▶ WHAT THE TASK ASKS
How many lines in the records below contain the word "left"? Answer with the number alone.

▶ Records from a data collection
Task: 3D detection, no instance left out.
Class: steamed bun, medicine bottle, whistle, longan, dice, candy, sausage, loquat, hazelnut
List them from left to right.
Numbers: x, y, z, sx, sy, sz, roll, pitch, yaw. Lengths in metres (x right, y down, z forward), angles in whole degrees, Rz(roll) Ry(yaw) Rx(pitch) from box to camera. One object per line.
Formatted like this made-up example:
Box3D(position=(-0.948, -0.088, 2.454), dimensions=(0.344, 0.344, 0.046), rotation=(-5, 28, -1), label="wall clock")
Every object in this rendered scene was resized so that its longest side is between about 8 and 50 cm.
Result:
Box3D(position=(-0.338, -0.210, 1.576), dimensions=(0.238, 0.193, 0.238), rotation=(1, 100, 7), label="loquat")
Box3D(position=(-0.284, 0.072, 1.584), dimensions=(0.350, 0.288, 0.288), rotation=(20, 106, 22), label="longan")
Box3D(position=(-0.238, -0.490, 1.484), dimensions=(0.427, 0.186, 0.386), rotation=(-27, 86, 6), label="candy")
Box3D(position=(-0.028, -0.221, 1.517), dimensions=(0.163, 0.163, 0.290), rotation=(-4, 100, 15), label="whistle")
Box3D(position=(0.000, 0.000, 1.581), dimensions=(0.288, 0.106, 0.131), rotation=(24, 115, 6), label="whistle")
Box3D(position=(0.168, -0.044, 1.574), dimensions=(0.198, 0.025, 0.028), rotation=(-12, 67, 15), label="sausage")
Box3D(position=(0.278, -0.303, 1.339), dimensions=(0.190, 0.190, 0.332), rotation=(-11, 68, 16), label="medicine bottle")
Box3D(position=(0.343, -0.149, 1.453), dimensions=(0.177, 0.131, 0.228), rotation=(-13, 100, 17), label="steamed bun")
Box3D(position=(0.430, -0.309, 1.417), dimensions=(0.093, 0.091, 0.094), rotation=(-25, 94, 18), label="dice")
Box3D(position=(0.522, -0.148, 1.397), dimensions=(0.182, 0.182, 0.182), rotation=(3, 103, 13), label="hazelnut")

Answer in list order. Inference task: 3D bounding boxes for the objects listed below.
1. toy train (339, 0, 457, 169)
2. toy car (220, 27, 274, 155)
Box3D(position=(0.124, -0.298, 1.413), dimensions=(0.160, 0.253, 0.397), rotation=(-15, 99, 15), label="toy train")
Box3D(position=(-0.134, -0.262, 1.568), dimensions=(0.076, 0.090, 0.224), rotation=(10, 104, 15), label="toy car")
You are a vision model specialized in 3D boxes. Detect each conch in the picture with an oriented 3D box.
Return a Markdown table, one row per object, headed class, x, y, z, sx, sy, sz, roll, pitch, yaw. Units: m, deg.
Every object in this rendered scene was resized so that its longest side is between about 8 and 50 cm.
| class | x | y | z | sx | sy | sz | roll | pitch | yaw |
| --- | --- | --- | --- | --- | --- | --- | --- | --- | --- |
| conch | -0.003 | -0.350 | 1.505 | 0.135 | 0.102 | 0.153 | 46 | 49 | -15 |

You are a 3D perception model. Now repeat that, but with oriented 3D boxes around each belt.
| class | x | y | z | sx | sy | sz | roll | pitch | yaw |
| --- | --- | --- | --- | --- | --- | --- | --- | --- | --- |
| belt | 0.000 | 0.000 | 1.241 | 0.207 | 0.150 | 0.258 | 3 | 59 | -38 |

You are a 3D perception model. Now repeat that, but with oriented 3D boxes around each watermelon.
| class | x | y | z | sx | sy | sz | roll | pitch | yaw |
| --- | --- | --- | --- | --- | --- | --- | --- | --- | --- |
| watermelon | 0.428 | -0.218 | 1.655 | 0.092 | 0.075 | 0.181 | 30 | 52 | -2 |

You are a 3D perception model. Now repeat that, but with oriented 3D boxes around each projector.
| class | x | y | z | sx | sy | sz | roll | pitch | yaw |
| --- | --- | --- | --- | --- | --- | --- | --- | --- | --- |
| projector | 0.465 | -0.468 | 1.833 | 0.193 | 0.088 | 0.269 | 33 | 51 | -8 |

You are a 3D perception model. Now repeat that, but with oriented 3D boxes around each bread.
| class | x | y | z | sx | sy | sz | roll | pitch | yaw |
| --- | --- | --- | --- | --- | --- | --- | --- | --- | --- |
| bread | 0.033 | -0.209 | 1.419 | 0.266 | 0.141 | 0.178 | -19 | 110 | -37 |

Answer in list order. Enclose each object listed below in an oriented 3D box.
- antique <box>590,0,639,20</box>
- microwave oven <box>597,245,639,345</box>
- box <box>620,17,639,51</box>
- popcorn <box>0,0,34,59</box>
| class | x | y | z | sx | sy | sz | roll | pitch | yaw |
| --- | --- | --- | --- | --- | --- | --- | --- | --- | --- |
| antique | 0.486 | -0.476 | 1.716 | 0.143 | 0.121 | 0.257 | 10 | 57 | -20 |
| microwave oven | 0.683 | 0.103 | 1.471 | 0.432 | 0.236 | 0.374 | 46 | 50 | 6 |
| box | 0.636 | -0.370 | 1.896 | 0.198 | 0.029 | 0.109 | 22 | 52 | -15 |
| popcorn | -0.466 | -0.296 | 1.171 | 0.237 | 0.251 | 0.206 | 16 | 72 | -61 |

▶ RESPONSE
2